Recent data reveal several novel thalassemia mutations that have been identified within the Javanese population. The alleles are IVS-1-2 (T > C), Cd40 (-G), CAP +1 (A > C), Cd123/124/125 (-ACCCCACC) [12], and also Cd60 (GTG > GAG) [17]. The first alleles mentioned are those found in individuals of African descent in the Americas [18]. In the case of allele IVS-1-2 (T > C), the first report on the Indonesian population was proposed in a previous study in the multiethnic population of Jakarta [9]. Cd40 (-G), as quoted from the globin server, is an allele that is identified in the regions of Japan and Korea [19], while CAP + 1 (A > C) is the beta+ allele with the most reports on ethnicity in Singapore [20]. The latter allele, Cd123/124/125 (-ACCCCACC), was a mutant allele first discovered in northern Thailand [21], while Cd60 was first reported in Cagliari, Italia. The absence of a history of blood relations or regional origin of the three generations connected to the initial discovery of the mutant indicates that the mutant found was likely a spontaneous mutation. Even so, it does not rule out the possibility of gene flow from previous ancestors.

3.2. Migration Perspective

With such complexity in its population history, it is expected that the genetic architecture of Indonesian populations is diverse. As the population movement from the Philippines happened in the east, a different but reciprocally connected event also happened in the west. The western part of Indonesia is known to possess a different genetic architecture due to the multiple interactions between Austronesian immigrants from the eastern route and the mainland Asian taking place not just once, but more often than that. Other factors adding to the complexity of the genetic admixture in western Indonesia was due to the genetic interaction with the South Asian population, and also due to particular demographic events [22].

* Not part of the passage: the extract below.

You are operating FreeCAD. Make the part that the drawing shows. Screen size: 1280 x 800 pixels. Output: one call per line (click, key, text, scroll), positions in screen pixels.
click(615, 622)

The gene flow in Indonesia is a long process, in line with the journey of human migration in the world. Based on the evidence of historical relics in the form of agricultural techniques, culture, and language, the Indonesian population is incorporated into the Austronesian sphere. The migration of the Austronesian peoples is believed to have originated in the Formosa Islands (Taiwan), which later spread through two main routes. The eastern route begins from the movement to the Philippines, then descends to Sulawesi, and continues to spread to Java and the eastern Indonesian island to further continue to Micronesia and Polynesia [6]. This trace was confirmed by genomic findings with the discovery of β thalassemia alleles that followed this wave of migration. The Filipino deletion allele (β0), which is widely found in the Philippine population, is also found in the people of Borneo [23], Sulawesi, and in small numbers also found in the population of Jakarta [24]. Alleles Cd123/124/125 (-ACCCCACC) and CAP + 1 (A > C), which were first found in northern Thailand and Singapore [25], appear to follow the population migration to Indonesia via the western route.

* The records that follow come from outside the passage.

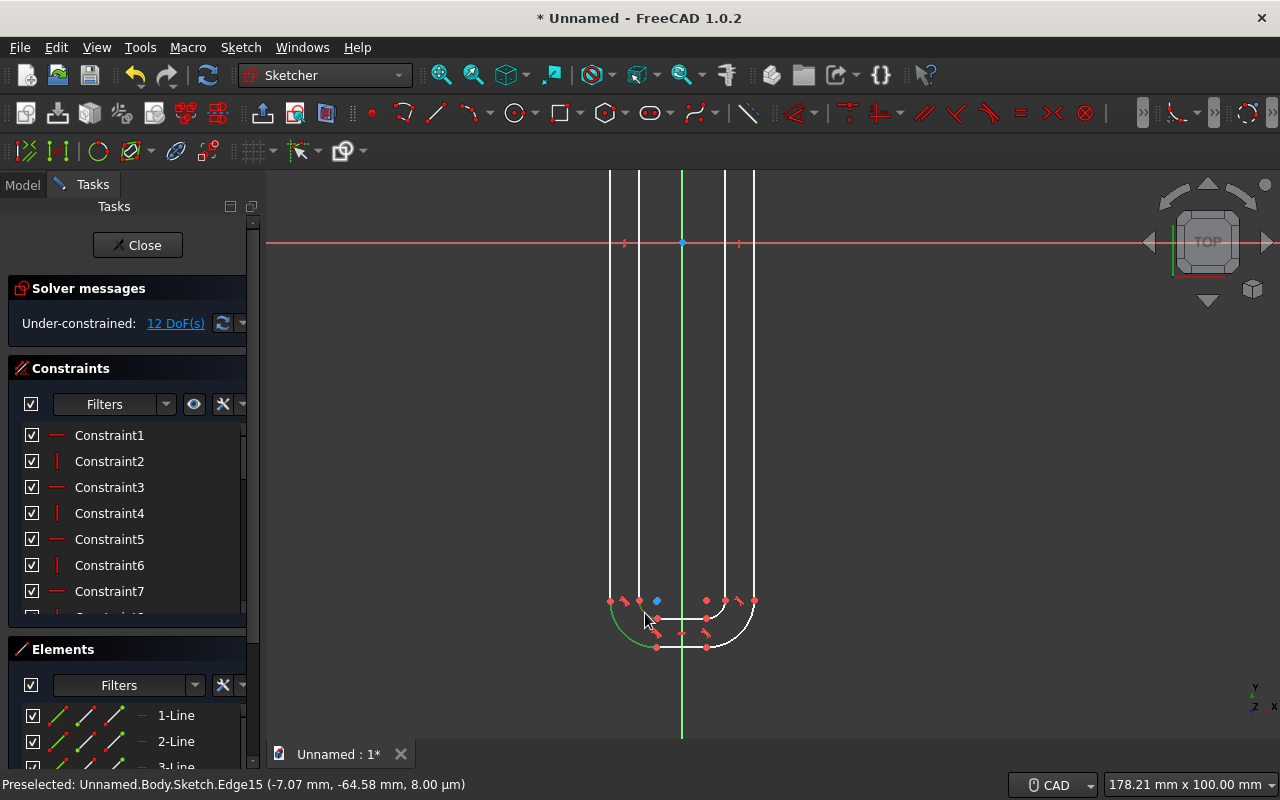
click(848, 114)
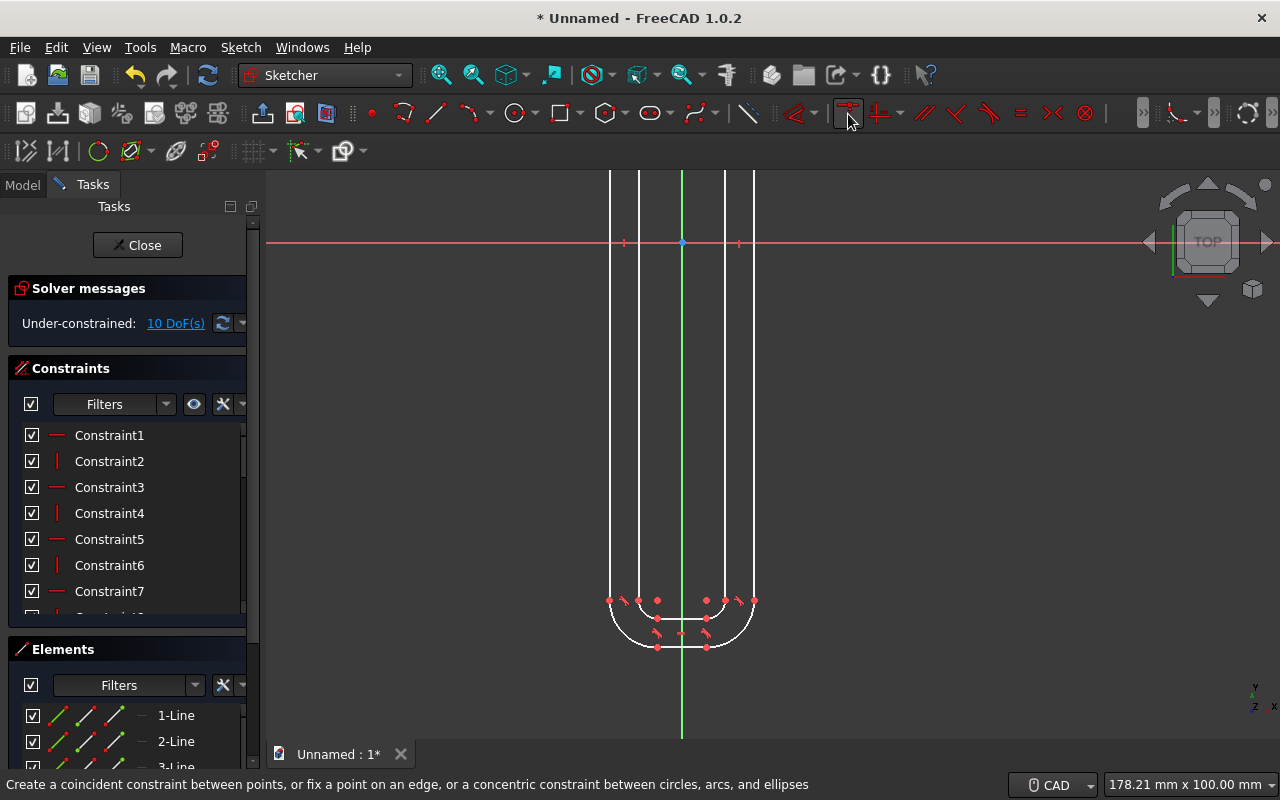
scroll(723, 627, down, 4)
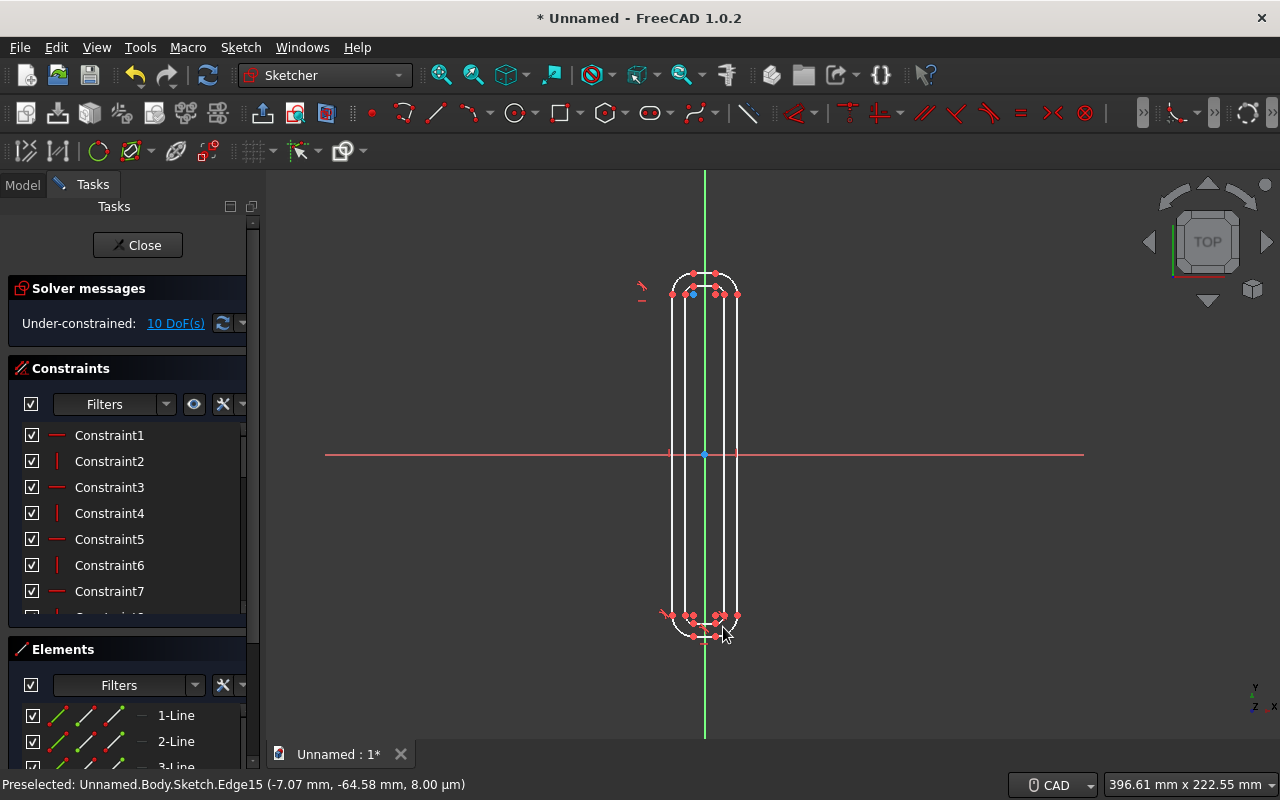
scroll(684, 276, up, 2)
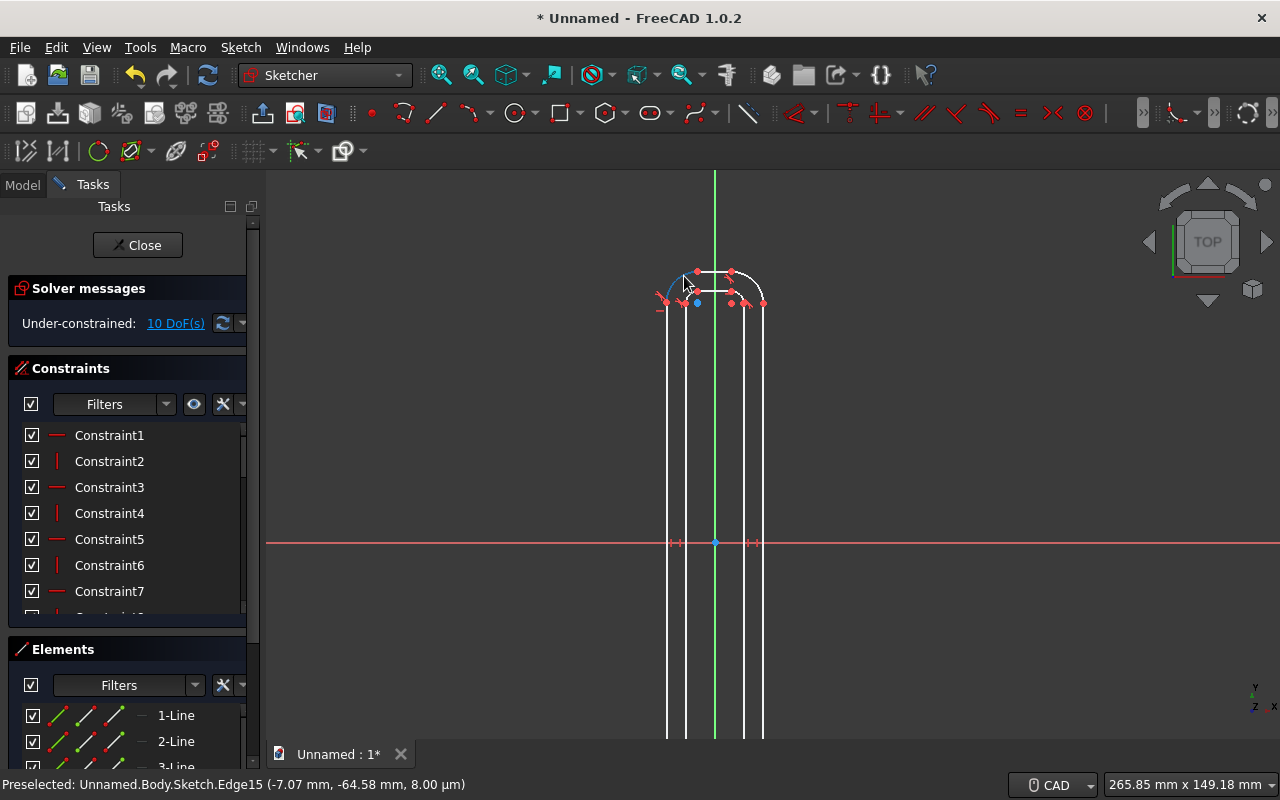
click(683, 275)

The Cd123/124/125 (-ACCCCACC) mutation found in the Javanese population [12] is a minor allele in the population of northern Thailand. After it was first discovered, sporadic findings were reported by [26] among residents of southern Thailand in the Bangkok area and [23] among the population of the Sabah area. In another section, current epidemiological data suggest that the Cap + 1 (A > C) allele was found scattered on the Indian plains [27], Pakistan ([28], China, Thailand, and Malaysia [29,30]. The findings of the Cap + 1 (A > C) allele in Indonesia [12] clarifies the path of population distribution through the western route according to the Austronesian migration theory. A previous population migration path has also been known from the many findings of HbE alleles (codon 26) and IVS-1-5 in South and Southeast Asia, with the highest dominance in Thailand [31], then successively in coastal areas of Burma to India, as well as in Malaysia and Indonesia [13]. Recent publications using mitochondrial DNA haplogroups for maternal pathways and Y chromosomes for paternal pathways show that Indonesian populations have a genomic constitution that is similar to what is found in Austronesian migration pathways [32]. Their report showed data demonstrating that at least one haplotype is shared between Indonesia and Taiwan for each of the following four lineages: E1a1a, M7b3, M7c3c, and Y2.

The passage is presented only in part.